Before discarding any feature, lets run the model once and see how it performs.So, we split the training data into test and training set
from sklearn.model_selection import train_test_split

In [None]:
#define X
X = train_df.drop(columns=['User_ID','Product_ID','Purchase'],axis=1)

In [None]:
#define y
y = train_df["Purchase"]

In [None]:
#split training data into training set and test set
X_train, X_test, y_train, y_test = train_test_split(X, y, test_size=0.2)

In [None]:
#use random forest regressor
from sklearn.ensemble import RandomForestRegressor
RF = RandomForestRegressor(max_depth=5, min_samples_leaf=100)

In [None]:
#fit the model
RF.fit(X_train,y_train)

In [None]:
#predict on X test
y_test_pred = RF.predict(X_test)

In [None]:
#get the mean squared error
from sklearn import metrics
import math
mse = metrics.mean_squared_error(y_test, y_test_pred)
rmse = math.sqrt(mse)
print(rmse)

Method 1 for finding useful features: Using Correlation between the features and the target value
<br> Can we improve it more by using features that are more relevalt?

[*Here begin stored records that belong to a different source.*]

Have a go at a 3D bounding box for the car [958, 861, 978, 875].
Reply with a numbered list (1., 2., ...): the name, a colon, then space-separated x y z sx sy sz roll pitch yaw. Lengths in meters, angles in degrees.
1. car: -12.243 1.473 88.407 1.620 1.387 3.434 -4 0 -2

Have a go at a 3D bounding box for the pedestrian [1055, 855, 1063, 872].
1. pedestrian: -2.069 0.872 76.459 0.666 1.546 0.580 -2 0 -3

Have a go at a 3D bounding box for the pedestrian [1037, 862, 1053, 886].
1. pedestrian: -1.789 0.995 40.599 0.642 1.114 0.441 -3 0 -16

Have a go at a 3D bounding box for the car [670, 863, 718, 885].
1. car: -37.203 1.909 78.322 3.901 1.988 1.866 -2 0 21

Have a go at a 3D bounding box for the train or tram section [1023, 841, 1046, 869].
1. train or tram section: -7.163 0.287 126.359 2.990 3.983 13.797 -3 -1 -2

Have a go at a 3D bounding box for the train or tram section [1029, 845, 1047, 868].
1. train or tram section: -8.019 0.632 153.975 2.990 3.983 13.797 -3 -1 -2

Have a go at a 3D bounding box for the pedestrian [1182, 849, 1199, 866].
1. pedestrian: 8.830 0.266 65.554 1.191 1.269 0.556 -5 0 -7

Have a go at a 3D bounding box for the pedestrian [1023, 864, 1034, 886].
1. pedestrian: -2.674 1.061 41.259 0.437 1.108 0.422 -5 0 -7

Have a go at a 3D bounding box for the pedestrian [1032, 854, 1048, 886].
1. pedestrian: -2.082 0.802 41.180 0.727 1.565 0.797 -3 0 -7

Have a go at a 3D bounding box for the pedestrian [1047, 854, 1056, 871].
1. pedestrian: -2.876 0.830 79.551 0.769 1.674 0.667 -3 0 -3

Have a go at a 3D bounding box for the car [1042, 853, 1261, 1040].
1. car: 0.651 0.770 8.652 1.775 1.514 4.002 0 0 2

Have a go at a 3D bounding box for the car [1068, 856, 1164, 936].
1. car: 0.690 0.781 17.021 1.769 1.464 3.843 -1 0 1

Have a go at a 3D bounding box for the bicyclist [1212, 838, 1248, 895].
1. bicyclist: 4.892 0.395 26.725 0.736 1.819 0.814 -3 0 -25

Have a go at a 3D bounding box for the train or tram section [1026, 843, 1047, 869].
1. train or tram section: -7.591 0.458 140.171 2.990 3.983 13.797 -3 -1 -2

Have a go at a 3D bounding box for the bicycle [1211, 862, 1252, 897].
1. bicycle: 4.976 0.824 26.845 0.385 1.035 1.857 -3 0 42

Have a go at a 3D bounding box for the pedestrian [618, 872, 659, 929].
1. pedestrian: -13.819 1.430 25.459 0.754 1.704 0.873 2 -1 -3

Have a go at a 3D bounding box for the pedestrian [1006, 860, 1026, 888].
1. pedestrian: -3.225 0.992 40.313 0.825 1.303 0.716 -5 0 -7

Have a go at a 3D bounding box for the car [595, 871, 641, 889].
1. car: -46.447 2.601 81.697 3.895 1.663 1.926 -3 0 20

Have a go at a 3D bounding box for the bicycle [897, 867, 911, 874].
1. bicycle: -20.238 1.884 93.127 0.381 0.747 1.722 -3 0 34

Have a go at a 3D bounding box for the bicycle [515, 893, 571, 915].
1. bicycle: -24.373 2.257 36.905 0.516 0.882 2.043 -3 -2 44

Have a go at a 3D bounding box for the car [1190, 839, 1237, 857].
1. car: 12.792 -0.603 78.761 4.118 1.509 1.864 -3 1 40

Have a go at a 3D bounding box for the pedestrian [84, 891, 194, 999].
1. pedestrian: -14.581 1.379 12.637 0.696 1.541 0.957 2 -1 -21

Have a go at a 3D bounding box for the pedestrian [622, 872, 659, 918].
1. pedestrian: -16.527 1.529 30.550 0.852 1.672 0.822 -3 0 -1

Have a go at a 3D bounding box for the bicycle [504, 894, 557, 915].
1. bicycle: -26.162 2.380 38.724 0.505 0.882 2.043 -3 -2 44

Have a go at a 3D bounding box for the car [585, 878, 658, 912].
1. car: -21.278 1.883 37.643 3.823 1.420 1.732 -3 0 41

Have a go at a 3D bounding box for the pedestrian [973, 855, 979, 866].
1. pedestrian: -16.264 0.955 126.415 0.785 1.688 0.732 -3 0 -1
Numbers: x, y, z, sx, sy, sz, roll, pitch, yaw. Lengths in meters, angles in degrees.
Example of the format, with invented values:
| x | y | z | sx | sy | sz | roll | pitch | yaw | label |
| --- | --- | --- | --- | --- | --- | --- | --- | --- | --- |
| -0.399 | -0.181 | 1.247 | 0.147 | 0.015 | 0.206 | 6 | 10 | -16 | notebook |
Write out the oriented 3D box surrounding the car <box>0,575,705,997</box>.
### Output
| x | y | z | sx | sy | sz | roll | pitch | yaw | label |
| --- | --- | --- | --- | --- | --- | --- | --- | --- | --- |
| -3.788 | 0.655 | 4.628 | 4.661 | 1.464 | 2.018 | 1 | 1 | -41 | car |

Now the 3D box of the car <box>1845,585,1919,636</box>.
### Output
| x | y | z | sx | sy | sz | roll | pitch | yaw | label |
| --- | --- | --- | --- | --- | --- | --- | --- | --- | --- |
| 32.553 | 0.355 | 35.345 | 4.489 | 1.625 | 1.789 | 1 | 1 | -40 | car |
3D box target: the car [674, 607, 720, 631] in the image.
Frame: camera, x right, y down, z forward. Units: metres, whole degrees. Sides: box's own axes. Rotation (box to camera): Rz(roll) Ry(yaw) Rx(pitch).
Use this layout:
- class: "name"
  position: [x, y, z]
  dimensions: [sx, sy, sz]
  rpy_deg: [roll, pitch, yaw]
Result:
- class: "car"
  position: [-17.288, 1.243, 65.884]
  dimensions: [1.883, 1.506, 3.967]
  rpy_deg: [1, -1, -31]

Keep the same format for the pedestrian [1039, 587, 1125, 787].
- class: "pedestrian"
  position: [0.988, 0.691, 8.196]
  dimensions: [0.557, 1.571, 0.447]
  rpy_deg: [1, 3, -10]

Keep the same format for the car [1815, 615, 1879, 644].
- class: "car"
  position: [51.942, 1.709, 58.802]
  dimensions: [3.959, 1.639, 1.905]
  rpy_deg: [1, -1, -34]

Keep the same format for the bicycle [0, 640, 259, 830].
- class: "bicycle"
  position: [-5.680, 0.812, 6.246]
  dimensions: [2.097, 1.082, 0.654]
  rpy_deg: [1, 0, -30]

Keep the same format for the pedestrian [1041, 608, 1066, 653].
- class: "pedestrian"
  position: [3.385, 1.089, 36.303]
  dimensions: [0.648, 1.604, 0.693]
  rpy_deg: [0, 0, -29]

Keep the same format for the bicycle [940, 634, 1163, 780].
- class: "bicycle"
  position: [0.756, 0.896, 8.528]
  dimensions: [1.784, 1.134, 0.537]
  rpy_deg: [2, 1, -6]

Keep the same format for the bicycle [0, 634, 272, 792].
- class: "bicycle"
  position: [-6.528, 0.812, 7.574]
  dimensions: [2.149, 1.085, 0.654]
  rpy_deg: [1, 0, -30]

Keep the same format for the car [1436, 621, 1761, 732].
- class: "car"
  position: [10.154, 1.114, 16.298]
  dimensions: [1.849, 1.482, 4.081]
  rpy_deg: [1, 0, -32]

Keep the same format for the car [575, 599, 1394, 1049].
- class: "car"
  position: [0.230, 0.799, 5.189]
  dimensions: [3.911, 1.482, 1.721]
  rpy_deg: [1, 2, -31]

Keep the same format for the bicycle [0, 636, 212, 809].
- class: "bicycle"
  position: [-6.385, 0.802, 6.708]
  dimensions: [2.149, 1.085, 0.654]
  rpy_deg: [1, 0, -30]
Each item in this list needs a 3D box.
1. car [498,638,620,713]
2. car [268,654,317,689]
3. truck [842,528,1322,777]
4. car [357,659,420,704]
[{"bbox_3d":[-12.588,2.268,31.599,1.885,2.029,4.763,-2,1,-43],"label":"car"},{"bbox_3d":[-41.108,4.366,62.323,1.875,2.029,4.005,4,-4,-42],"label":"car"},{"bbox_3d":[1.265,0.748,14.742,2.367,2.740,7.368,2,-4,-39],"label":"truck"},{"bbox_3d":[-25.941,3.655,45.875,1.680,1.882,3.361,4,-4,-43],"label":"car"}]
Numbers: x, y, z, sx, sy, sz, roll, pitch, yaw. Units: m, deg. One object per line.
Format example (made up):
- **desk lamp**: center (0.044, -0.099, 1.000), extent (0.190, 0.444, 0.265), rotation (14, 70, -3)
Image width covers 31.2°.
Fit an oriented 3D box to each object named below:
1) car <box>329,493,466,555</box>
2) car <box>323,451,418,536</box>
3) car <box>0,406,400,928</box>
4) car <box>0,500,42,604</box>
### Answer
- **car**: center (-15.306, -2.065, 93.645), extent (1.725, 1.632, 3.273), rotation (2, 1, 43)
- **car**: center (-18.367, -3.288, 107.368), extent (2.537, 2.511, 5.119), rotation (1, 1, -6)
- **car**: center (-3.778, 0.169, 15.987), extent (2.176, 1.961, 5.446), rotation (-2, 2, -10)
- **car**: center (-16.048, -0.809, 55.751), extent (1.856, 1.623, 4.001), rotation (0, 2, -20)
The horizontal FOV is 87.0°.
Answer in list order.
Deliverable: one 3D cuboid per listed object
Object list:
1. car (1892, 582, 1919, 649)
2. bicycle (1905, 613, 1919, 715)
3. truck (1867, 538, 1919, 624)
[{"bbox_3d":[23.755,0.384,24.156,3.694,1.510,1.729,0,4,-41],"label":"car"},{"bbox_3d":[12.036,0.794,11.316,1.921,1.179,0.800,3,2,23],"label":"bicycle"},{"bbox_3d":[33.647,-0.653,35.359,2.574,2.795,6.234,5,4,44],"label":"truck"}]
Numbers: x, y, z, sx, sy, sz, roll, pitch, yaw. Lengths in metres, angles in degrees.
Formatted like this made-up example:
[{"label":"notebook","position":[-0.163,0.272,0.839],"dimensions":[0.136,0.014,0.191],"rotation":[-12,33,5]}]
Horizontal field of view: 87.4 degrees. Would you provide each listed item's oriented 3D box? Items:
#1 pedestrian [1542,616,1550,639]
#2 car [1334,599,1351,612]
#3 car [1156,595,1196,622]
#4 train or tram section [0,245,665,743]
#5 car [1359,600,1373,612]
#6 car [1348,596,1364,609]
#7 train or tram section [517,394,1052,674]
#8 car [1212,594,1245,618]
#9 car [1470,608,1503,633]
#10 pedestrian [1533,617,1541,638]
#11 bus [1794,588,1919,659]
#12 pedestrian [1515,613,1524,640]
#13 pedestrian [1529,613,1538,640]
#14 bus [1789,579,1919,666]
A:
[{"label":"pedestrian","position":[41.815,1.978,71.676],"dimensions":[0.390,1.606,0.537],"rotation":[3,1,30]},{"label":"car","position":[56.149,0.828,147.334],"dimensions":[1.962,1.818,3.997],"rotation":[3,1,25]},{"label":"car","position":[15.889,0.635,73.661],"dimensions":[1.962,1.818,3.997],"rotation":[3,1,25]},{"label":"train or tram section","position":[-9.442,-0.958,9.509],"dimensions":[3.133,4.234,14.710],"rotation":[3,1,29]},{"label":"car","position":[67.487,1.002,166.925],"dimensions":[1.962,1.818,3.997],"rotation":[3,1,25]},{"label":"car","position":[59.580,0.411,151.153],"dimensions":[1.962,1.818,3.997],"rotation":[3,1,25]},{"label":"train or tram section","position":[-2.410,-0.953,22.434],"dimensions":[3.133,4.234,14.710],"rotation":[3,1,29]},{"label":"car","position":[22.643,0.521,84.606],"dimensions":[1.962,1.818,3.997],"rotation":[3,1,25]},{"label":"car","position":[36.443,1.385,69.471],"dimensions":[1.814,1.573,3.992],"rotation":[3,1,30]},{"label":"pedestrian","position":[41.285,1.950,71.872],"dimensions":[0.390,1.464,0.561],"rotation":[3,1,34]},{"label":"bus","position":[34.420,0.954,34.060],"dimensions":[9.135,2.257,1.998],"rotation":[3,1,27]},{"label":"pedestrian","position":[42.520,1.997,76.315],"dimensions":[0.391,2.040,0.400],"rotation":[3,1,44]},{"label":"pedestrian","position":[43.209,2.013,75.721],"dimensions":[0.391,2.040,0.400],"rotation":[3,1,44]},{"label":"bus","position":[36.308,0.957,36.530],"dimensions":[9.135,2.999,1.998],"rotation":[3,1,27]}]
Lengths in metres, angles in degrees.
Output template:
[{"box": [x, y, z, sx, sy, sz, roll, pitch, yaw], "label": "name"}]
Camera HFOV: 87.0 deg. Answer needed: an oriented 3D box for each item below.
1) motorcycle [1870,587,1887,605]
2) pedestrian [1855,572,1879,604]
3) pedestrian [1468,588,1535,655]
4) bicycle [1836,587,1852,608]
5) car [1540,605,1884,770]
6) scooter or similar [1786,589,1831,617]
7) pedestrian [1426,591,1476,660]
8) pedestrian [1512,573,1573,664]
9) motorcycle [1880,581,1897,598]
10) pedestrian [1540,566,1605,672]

Let's find out by finding out the correlation of features with the target column

In [None]:
#finding the correlation of all features against the target
corr = train_df[train_df.columns[1:]].corr()['Purchase'][:]

In [None]:
corr.to_csv(r'E:\Data hackatons\AV black friday sales\corr_purchase.csv')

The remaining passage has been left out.